Not only did it fail to address the roots of the problem, it stripped medical colleges of their autonomy, and states of their ability to find locally relevant ways of responding to the quality and corruption challenge. In 2016, the courts dismissed the autonomy question but some solutions need to go beyond legalism. Any educationist will tell you that undermining autonomy in admissions is exactly the route to curbing innovation and experimentation, critical components of what ensures quality higher education. Regulation to ensure standards is necessary but it has to balance autonomy considerations.

The logic of centralisation in NEET has now been applied to the UGC-NET exam and CUET, governing research and undergraduate admissions, further entrenching the problem.

Beyond institutional autonomy, Tamil Nadu’s repeated objections to NEET have further highlighted the absurdity (besides its lack of constitutionality) of finding centralised solutions to governance challenges in a diverse country. NEET has undermined TN’s perfectly functional policy of medical college admissions linked to school examination scores, creating in its wake an admissions process that biases against rural and poorer students who study in the state board and favours those who can afford coaching classes (99% successful candidates in 2020). What is necessary for Bihar does not apply to Tamil Nadu, and vice versa. But what is equally important is, with notable exceptions like Tamil Nadu, most states have failed to raise any concerns about this kind of centralisation, even as their students suffer.

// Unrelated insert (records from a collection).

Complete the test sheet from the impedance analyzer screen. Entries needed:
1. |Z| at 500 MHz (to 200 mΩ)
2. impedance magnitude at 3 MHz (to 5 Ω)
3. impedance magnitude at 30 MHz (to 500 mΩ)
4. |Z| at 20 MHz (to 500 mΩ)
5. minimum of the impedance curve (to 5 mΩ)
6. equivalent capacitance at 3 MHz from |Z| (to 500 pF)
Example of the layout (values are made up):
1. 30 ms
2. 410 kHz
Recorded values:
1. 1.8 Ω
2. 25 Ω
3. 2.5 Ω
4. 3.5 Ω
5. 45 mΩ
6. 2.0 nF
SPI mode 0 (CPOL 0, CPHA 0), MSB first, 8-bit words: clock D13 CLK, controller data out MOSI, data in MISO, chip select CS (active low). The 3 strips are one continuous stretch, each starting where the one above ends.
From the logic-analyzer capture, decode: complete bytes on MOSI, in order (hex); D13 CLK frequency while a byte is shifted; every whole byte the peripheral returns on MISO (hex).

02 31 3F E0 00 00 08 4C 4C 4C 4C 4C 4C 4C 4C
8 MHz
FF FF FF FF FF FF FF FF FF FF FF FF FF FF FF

The worst peril of centralisation is that it allows governments at all levels to abdicate responsibility and pass the buck.

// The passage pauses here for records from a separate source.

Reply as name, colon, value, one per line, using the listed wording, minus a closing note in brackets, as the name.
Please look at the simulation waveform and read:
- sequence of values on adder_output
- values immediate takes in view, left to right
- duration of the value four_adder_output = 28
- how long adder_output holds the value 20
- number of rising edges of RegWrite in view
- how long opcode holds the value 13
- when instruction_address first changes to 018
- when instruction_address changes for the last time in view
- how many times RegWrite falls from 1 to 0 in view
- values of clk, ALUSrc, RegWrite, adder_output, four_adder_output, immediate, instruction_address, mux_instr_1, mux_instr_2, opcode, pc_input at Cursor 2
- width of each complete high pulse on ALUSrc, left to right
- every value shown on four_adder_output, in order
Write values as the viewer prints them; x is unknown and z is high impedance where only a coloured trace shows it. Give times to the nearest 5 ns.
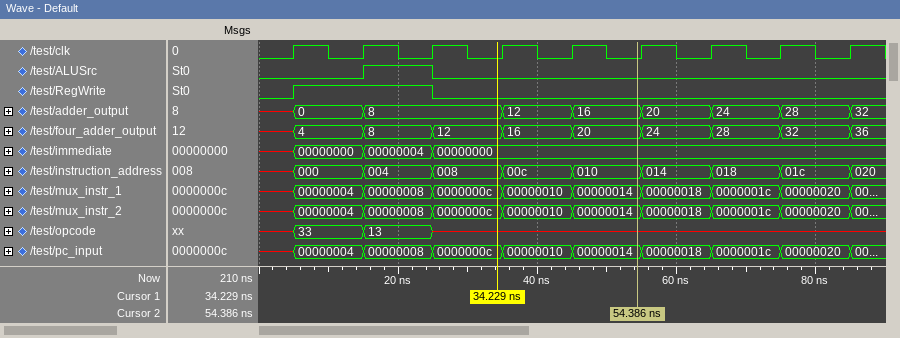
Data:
sequence of values on adder_output: x, 0, 8, 12, 16, 20, 24, 28, 32
values immediate takes in view, left to right: x, 00000000, 00000004, 00000000
duration of the value four_adder_output = 28: 10 ns
how long adder_output holds the value 20: 10 ns
number of rising edges of RegWrite in view: 1
how long opcode holds the value 13: 10 ns
when instruction_address first changes to 018: 65 ns
when instruction_address changes for the last time in view: 85 ns
how many times RegWrite falls from 1 to 0 in view: 1
values of clk, ALUSrc, RegWrite, adder_output, four_adder_output, immediate, instruction_address, mux_instr_1, mux_instr_2, opcode, pc_input at Cursor 2: clk=0, ALUSrc=0, RegWrite=0, adder_output=16, four_adder_output=20, immediate=00000000, instruction_address=010, mux_instr_1=00000014, mux_instr_2=00000014, opcode=x, pc_input=00000014
width of each complete high pulse on ALUSrc, left to right: 10 ns
every value shown on four_adder_output, in order: x, 4, 8, 12, 16, 20, 24, 28, 32, 36

In the end, behemoths like the NTA simply cannot implement a complex task like multiple entrance exams that requires combining local knowledge with specialised pedagogical skills. It is instructive that these issues were raised by educationists when the idea of the NTA was mooted in 2013 by the then UPA government, but no policymaker chose to take heed. And in 2017, in the rush to set up the NTA and make a headline splash, no consideration was given even to basic human resource issues -- what kind of qualifications, experience, capacity is needed to design and conduct such complex exams? The NTAs incompetence would be laughable if its consequences were not so tragic.

Ultimately, “maximum governance” requires deliberative, rational, cooperative, decision-making and open government. It requires careful engagement with root causes rather than succumbing to the temptation to centralise. This is exactly what our policymaking ecosystem, especially the administrative culture promoted by Modi, has no patience for. Thus, we are condemned to live with the national shame of paper leaks. But for the ray of hope that our brave students who’ve taken to the streets, fighting for their rights, have given us. Democracy is still alive and may be, there is hope yet.